I agree if the criterion is to get us to utopia, it’s a problem (maybe not even that, but whatever), but if we instead say that it has to avoid x-risk, then we do have some options. My favorite research directions are IDA and HCH, with ELK a second option for alignment. We aren’t fully finished on those ideas, but we do have at least some idea about what we can do.
Also, it’s very unlikely theoretical work or mathematical work like provable alignment will do much, beyond toy problems here.
This seems to misunderstand my view? My goal is to avoid x-risk, not to get us to utopia. (Or rather, my proximate goal is to end the acute risk period; ultimate goal utopia, but I want to pint nearly all of the utopia-work to the period after we’ve ended the acute risk period.
Cf., from Eliezer:
“When I say that alignment is lethally difficult, I am not talking about ideal or perfect goals of ‘provable’ alignment, nor total alignment of superintelligences on exact human values, nor getting AIs to produce satisfactory arguments about moral dilemmas which sorta-reasonable humans disagree about, nor attaining an absolute certainty of an AI not killing everyone. When I say that alignment is difficult, I mean that in practice, using the techniques we actually have, “please don’t disassemble literally everyone with probability roughly 1” is an overly large ask that we are not on course to get. So far as I’m concerned, if you can get a powerful AGI that carries out some pivotal superhuman engineering task, with a less than fifty percent change of killing more than one billion people, I’ll take it. Even smaller chances of killing even fewer people would be a nice luxury, but if you can get as incredibly far as “less than roughly certain to kill everybody”, then you can probably get down to under a 5% chance with only slightly more effort. Practically all of the difficulty is in getting to “less than certainty of killing literally everyone”. Trolley problems are not an interesting subproblem in all of this; if there are any survivors, you solved alignment. At this point, I no longer care how it works, I don’t care how you got there, I am cause-agnostic about whatever methodology you used, all I am looking at is prospective results, all I want is that we have justifiable cause to believe of a pivotally useful AGI ‘this will not kill literally everyone’. Anybody telling you I’m asking for stricter ‘alignment’ than this has failed at reading comprehension. The big ask from AGI alignment, the basic challenge I am saying is too difficult, is to obtain by any strategy whatsoever a significant chance of there being any survivors.”

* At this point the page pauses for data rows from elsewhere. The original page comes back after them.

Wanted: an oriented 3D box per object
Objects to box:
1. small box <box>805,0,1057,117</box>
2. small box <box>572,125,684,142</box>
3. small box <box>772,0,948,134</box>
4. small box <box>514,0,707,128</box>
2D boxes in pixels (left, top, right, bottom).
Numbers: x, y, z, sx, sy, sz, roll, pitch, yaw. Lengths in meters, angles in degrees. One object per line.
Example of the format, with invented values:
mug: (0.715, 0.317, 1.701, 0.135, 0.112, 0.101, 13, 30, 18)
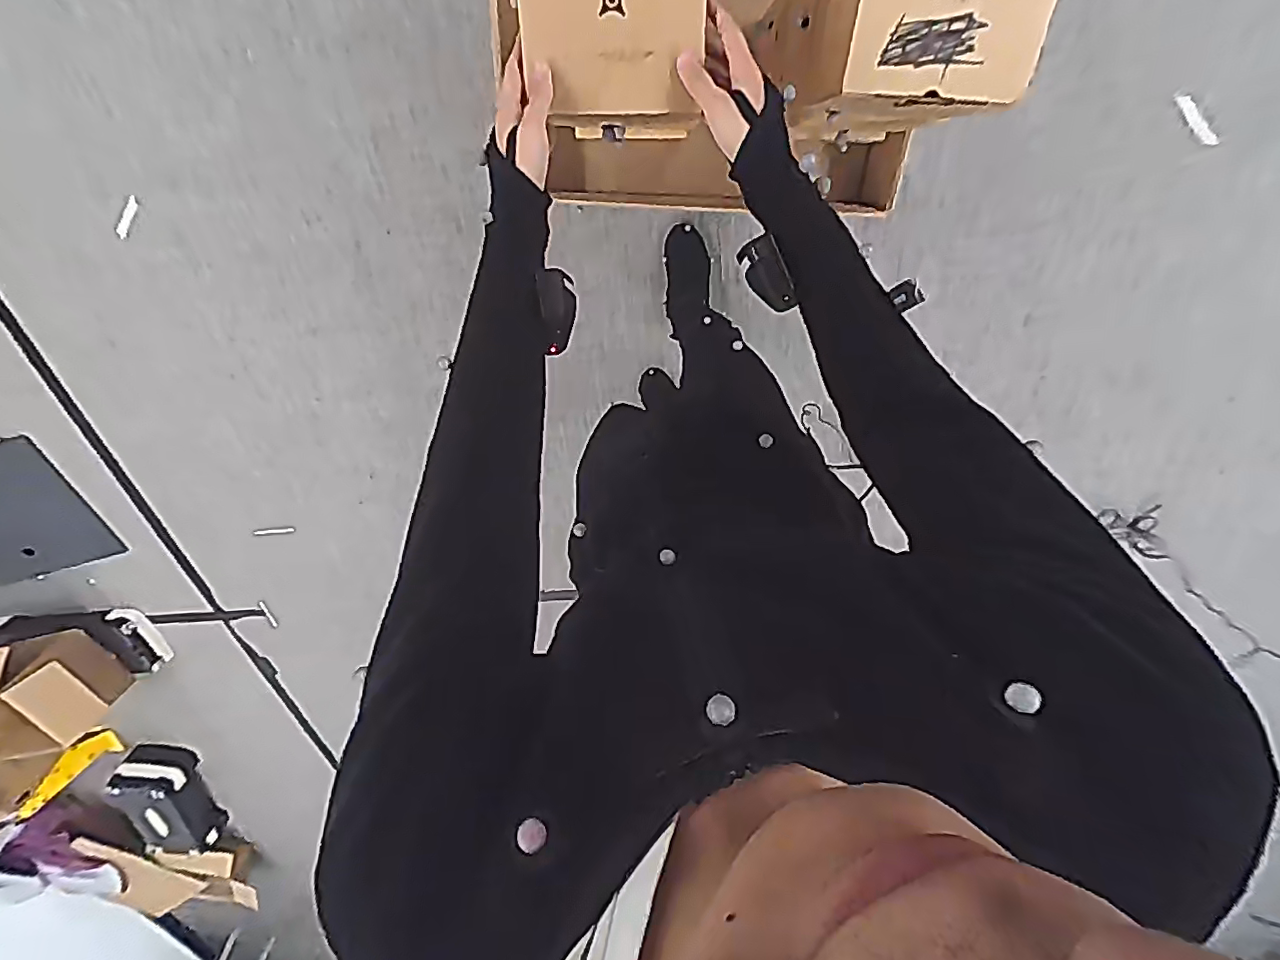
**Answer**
small box: (0.265, -0.452, 0.506, 0.168, 0.176, 0.179, 4, 120, 0)
small box: (-0.014, -0.611, 0.808, 0.168, 0.176, 0.179, 1, 120, 1)
small box: (0.271, -0.523, 0.656, 0.179, 0.176, 0.168, 1, 120, 2)
small box: (-0.024, -0.451, 0.522, 0.168, 0.176, 0.179, 1, 120, 2)
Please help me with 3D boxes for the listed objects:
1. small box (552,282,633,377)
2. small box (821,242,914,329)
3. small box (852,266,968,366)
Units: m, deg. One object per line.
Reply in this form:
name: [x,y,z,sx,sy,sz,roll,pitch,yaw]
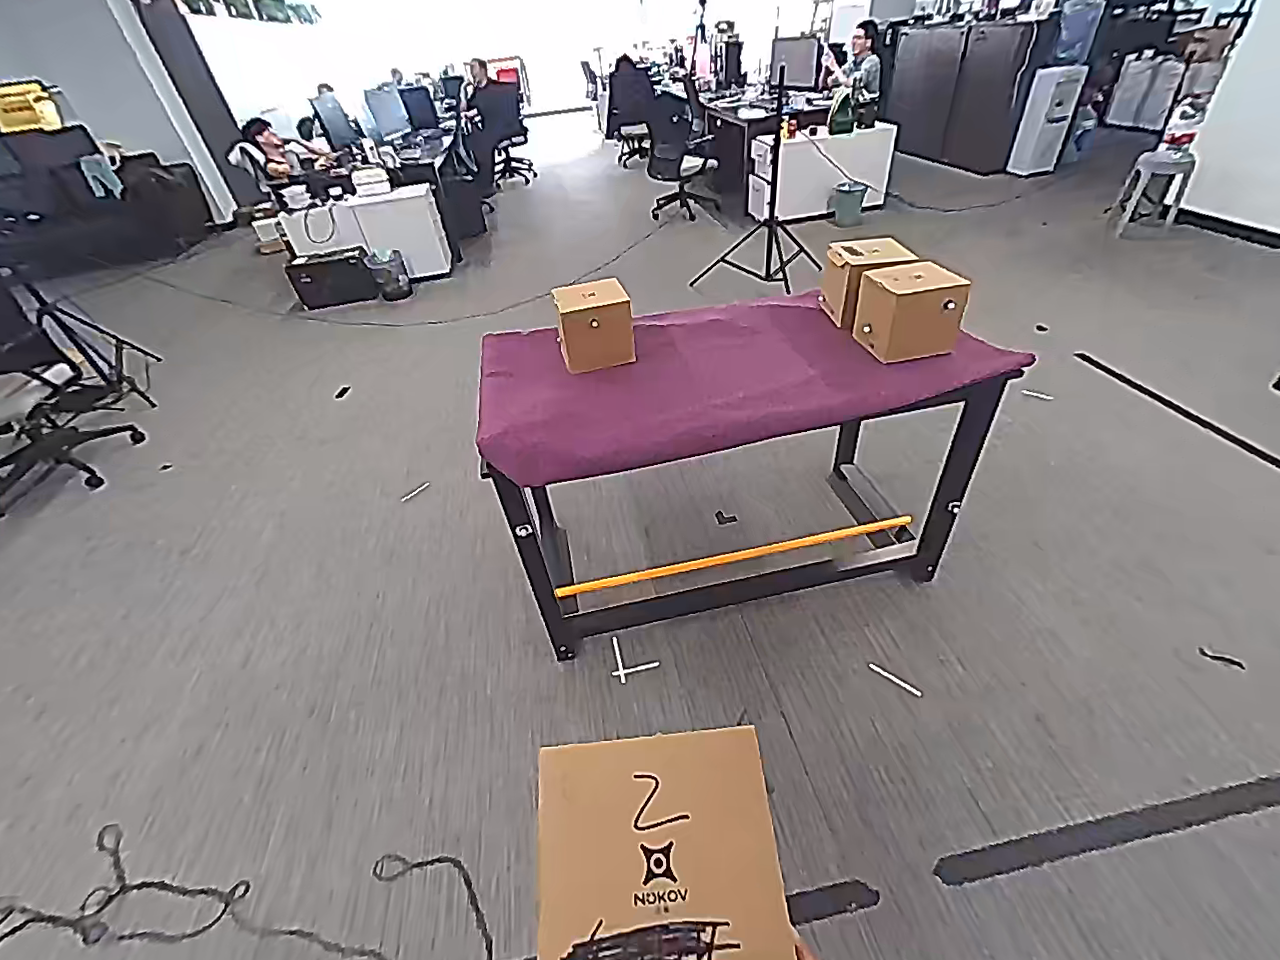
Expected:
small box: [-0.120,-0.389,1.398,0.179,0.176,0.168,-13,40,-8]
small box: [0.596,-0.517,1.447,0.179,0.176,0.168,-6,41,-1]
small box: [0.634,-0.393,1.295,0.179,0.176,0.168,-10,38,-3]
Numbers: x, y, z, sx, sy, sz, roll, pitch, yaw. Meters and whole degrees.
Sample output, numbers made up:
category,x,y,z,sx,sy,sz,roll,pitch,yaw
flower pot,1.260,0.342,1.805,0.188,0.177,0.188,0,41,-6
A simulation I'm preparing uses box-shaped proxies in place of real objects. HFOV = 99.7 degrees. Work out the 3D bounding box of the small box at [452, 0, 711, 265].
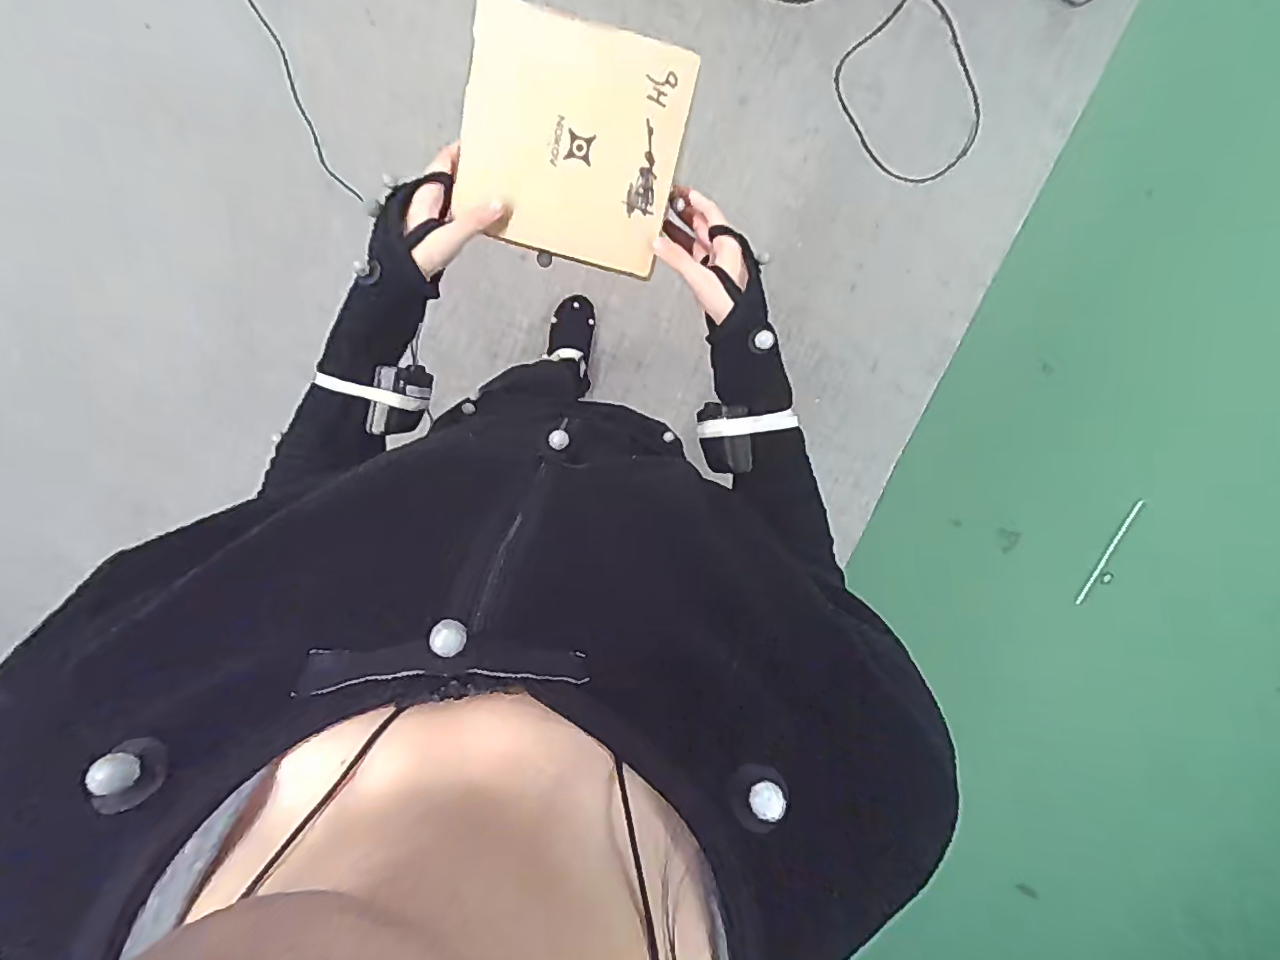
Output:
category,x,y,z,sx,sy,sz,roll,pitch,yaw
small box,-0.048,-0.306,0.500,0.179,0.176,0.168,15,109,-3

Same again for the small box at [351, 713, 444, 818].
category,x,y,z,sx,sy,sz,roll,pitch,yaw
small box,-0.694,0.823,1.572,0.168,0.176,0.179,30,99,-11
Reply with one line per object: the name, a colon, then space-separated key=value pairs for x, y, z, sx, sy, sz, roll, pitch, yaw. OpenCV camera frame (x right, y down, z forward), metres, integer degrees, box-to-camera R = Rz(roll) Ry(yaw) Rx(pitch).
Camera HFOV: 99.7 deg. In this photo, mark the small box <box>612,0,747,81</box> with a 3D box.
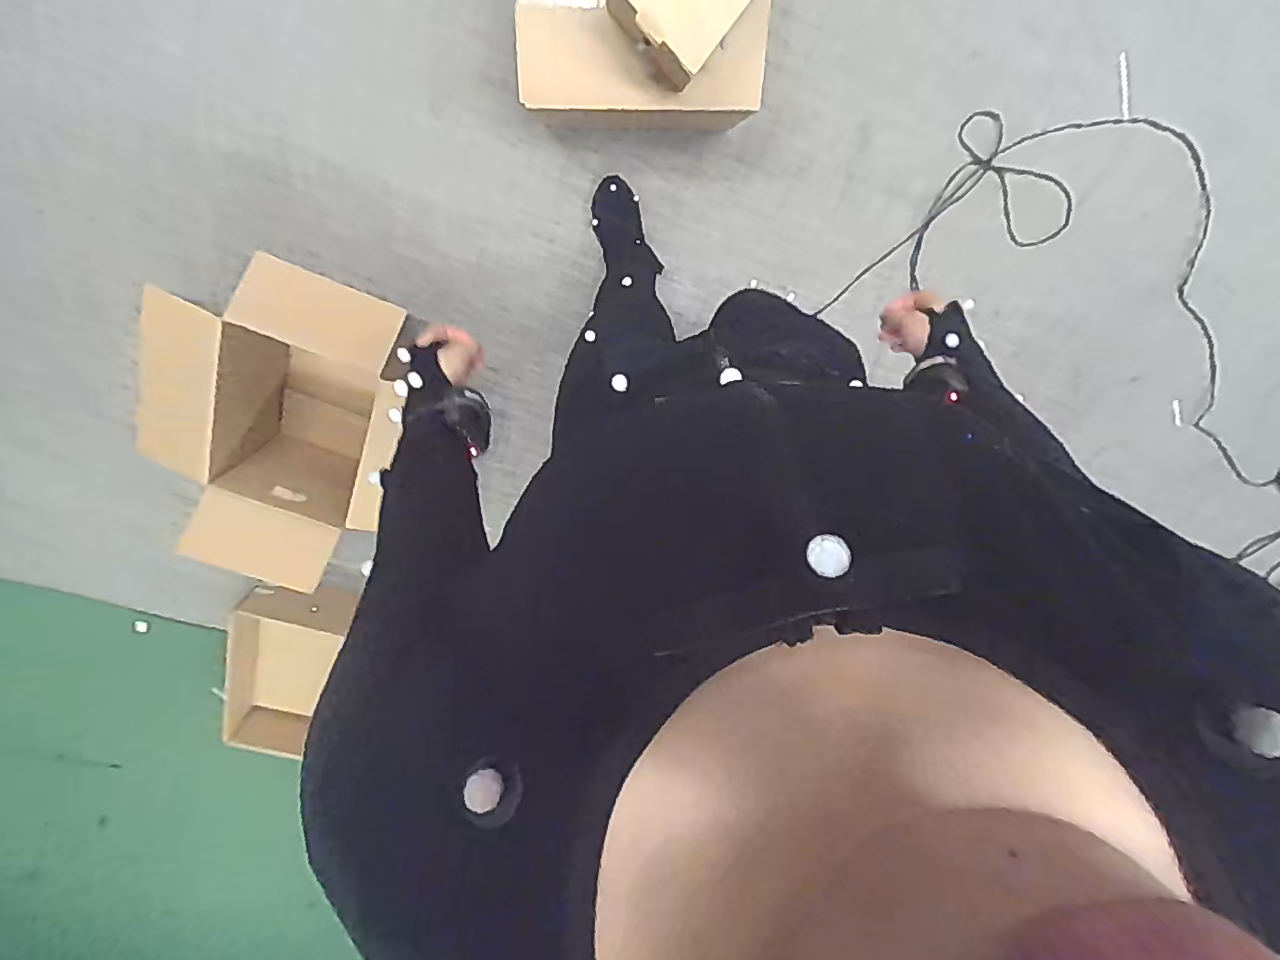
small box: x=0.064 y=-0.712 z=0.765 sx=0.168 sy=0.176 sz=0.179 roll=37 pitch=113 yaw=-20
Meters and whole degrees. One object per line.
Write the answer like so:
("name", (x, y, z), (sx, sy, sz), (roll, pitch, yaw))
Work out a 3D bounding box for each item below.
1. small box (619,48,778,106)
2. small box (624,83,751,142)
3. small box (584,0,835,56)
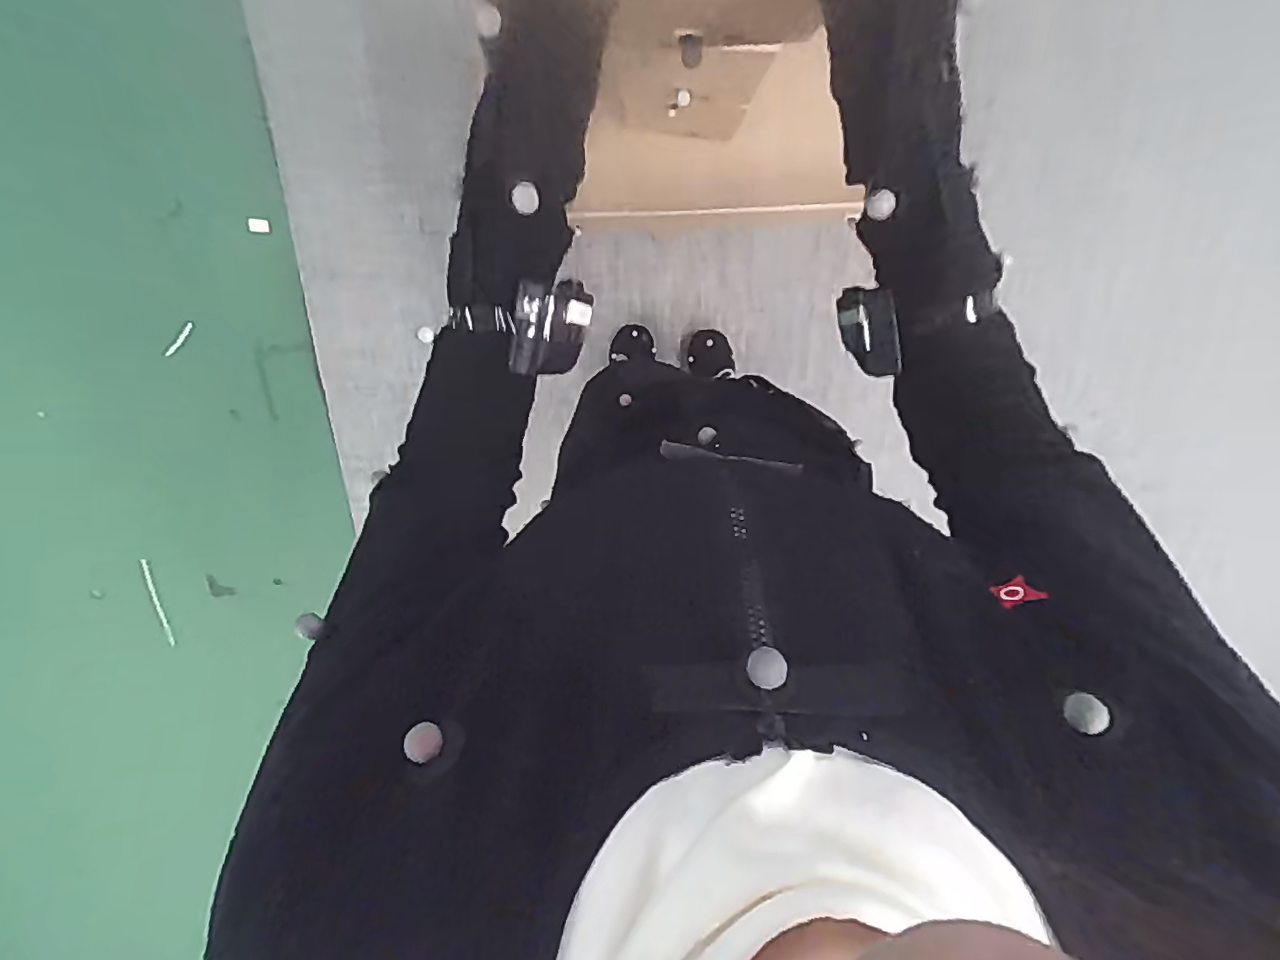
("small box", (0.062, -0.537, 0.582), (0.168, 0.176, 0.179), (3, 110, 0))
("small box", (0.070, -0.591, 0.737), (0.168, 0.176, 0.179), (6, 109, 0))
("small box", (0.040, -0.376, 0.309), (0.168, 0.176, 0.179), (-1, 117, 4))

I don’t know what you mean by “do much”, but if you think theory/math work is about “provable alignment” then you’re misunderstanding all (or at least the vast majority?) of the theory/math work on alignment. “Is this system aligned?” is not the sort of property that admits of deductive proof, even if the path to understanding “how does alignment work?” better today routes through some amount of theorem-proving on more abstract and fully-formalizable questions.